→ **DATA RECORDS**:

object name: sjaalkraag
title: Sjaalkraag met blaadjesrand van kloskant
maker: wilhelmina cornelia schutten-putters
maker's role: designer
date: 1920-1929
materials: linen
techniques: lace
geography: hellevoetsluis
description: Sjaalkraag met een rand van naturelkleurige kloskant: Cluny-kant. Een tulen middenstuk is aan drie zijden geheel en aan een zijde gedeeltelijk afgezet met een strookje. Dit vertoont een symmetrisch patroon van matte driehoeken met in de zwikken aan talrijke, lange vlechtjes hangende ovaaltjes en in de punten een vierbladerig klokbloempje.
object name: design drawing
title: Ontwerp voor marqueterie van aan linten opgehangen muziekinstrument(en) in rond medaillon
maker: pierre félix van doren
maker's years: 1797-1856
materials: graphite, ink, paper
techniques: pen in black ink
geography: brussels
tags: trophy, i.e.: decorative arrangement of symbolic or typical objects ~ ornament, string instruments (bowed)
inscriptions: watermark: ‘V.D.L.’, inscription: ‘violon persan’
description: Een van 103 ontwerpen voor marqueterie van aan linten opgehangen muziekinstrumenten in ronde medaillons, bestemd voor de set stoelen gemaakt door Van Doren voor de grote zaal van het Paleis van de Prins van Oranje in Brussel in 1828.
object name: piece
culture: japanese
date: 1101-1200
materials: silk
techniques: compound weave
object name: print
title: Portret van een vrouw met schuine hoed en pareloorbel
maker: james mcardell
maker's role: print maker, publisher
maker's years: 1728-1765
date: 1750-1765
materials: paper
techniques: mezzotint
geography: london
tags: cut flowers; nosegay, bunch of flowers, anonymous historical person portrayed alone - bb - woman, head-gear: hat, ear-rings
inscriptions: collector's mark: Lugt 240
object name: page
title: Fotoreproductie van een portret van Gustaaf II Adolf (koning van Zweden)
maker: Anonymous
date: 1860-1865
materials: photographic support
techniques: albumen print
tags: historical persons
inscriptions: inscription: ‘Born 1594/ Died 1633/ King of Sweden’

→ **EXERCISE AIM**: Across the material, report every line that has the word "techniques".

→ **TASK RESPONSE**:
techniques: lace
techniques: pen in black ink
techniques: compound weave
techniques: mezzotint
techniques: albumen print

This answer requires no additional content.